Я поняла, что она забыла, как меня зовут, у нее это иногда бывает.
– Смотри, – продолжила она, снимая коричневые очки с дымчатыми стеклами. – Как тебе кажется – одинаковые глаза у меня? – Алина растопырила глаза пошире и, не мигая, стала смотреть на меня.
Я пригляделась.
– Не знаю. Вроде да. Или один косит…
– Косит?! – взвилась Алина. – Ты ничего не понимаешь! Мне все говорят, что после пластики один глаз меньше стал. Я даже измеряла его – ничего не меньше. Ну, как?
– Не меньше. Может, второй больше стал?
Алина засмеялась и опять надела очки.
– Пока так похожу. Ты не надумала к хирургу?
– Мне и так пятнадцать лет на вид дают, – сказала я.
– Сколько-сколько?!
– Пятнадцать. Спиртное не продают.
– Нет… неправда… Ты очень плохо выглядишь…
Конечно, неправда. Конечно, плохо выгляжу. А как мне еще выглядеть, когда в прекрасный осенний день, подарочный, может быть, последний, я сказала самому лучшему в мире мужчине, что никогда больше не увижу его?
Я обернулась к Алине, которая стучала мыском ботинка о бортик асфальта, пытаясь счистить грязь.
– Хочешь, пойдем проверим? – сказала я. – Если мне сейчас продадут спиртное, я проиграла, куплю бутылку и отдам тебе. А если нет, то ты согласишься, что мы с тобой ровесницы. И больше не будешь ко мне привязываться вообще ни с чем.
Алина раскрыла рот – то ли от удивления, то ли от обиды, а я махнула рукой и пошла домой. Вот, не успела расстаться с Алёшей, как стала бросаться на людей.
Я услышала сигнал сообщения.
«Я согласен».
Не надо было ничего отвечать, не надо было спрашивать, на что он согласен. Но я, заходя в лифт, все-таки написала: «С чем ты согласен?» Я загадала – если сообщение не отправится в лифте, всё, удалю его и отвечать не буду. Но оно отправилось. И Алёша тут же ответил:
«Я согласен ждать до весны».
Я выдохнула. Что ж. До весны, так до весны.
Придет весна, подует теплый ветер, я надену свой весенний светло-голубой плащ, пойду к нему на концерт… И после концерта Алёша выйдет ко мне, мы возьмемся за руки и пойдем далеко-далеко, в волшебную страну, где нет слякоти, промозглого ветра, где нет вранья и подлости, бед, горестей и одиночества, туда, где нет других законов, кроме закона любви.
Фокус
Я посмотрела на небо,
а на небе солнце во все лучи
сморкается от плачев…
В четверг мы пошли с детьми в цирк. Обычная родительская суббота была перенесена на четверг, потому что так оказалось удобно моему бывшему мужу. Начался дачный сезон, и тратить драгоценный день на капризных, требовательных, легко устающих детей ему было жалко. Поэтому он купил билеты на четверг и встретил нас около цирка с предусмотрительно заготовленной в руке салфеткой.
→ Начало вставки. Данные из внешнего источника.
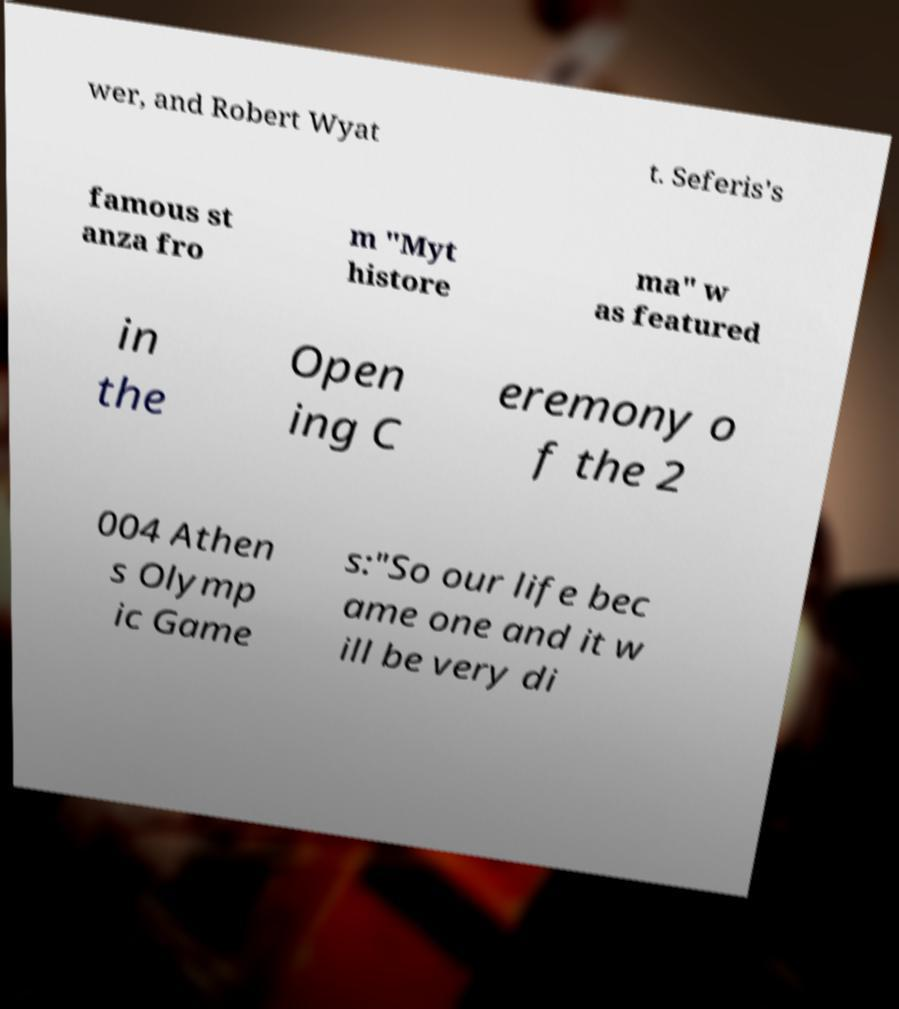What messages or text are displayed in this image? I need them in a readable, typed format. wer, and Robert Wyat t. Seferis's famous st anza fro m "Myt histore ma" w as featured in the Open ing C eremony o f the 2 004 Athen s Olymp ic Game s:"So our life bec ame one and it w ill be very di

– Папа, ты что, плачешь?! – крикнула еще издалека маленькая Маша и стала теребить меня: – Папа плачет, мам, папа плачет…
Старший брат Лёша изо всей силы дернул ее за руку:
– Завянь! Папа обидится… Он тогда убежал из-за тебя! Ты выла…
Тут уж я дернула Лёшу:
– Потом выясните, кто выл, кто не выл… Сам хорош.
Когда мы приблизились, румяный и уже загорелый Федор чихнул, два раза откашлялся, сморкнулся и только тогда взглянул мне в глаза.
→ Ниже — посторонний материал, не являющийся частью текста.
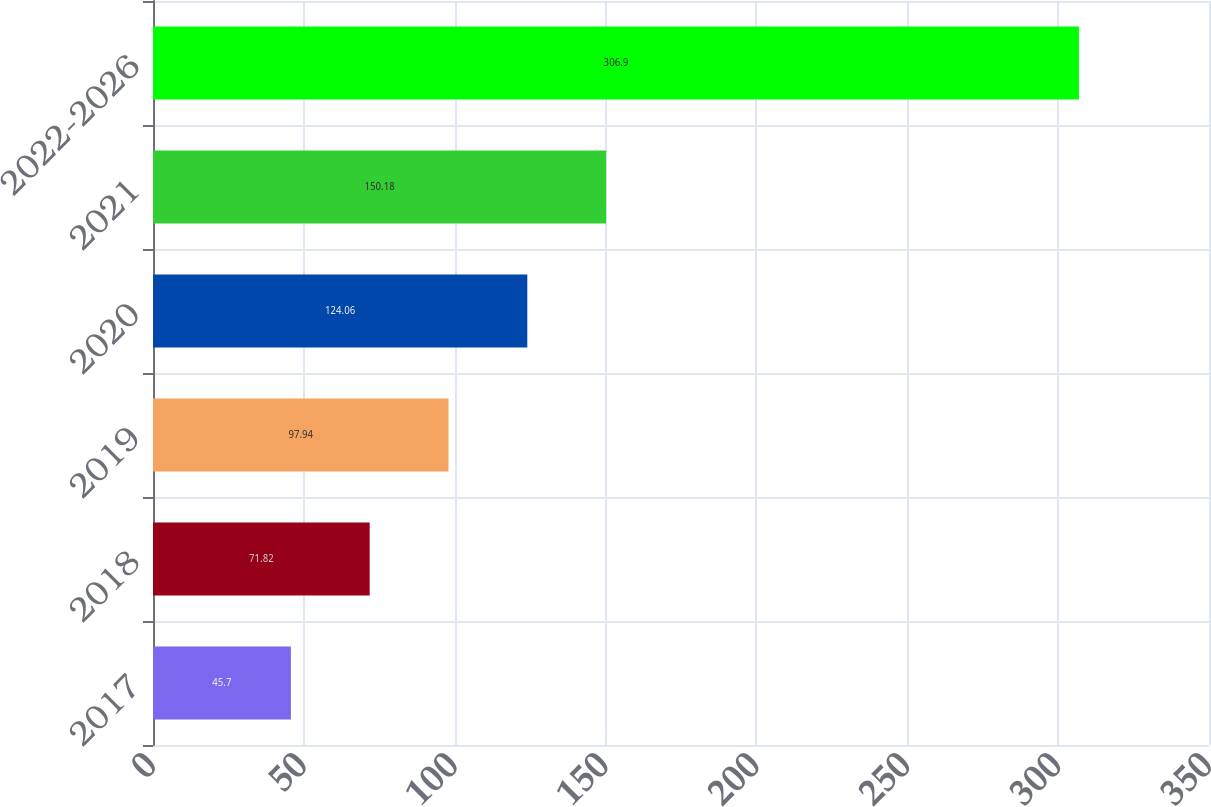<chart> <loc_0><loc_0><loc_500><loc_500><bar_chart><fcel>2017<fcel>2018<fcel>2019<fcel>2020<fcel>2021<fcel>2022-2026<nl><fcel>45.7<fcel>71.82<fcel>97.94<fcel>124.06<fcel>150.18<fcel>306.9<nl></chart>

– Заболел? – спросила я, все-таки надеясь, что он представляется.
На самом деле я боюсь всяческих инфекций, как огня. Ведь румянец может быть и от температуры… А у нас если заболеет один – неизбежно потянется и второй. Если же болею я, то жизнь в доме вообще останавливается. Хуже нет – ходить по квартире охая, сморкаясь, чихая и осознавая при этом, что каждый мой выдох содержит мириады вредных бактерий, что я сама сейчас – самый главный враг своих детей и деться мне некуда, не спрячешься, не убежишь, как Федор.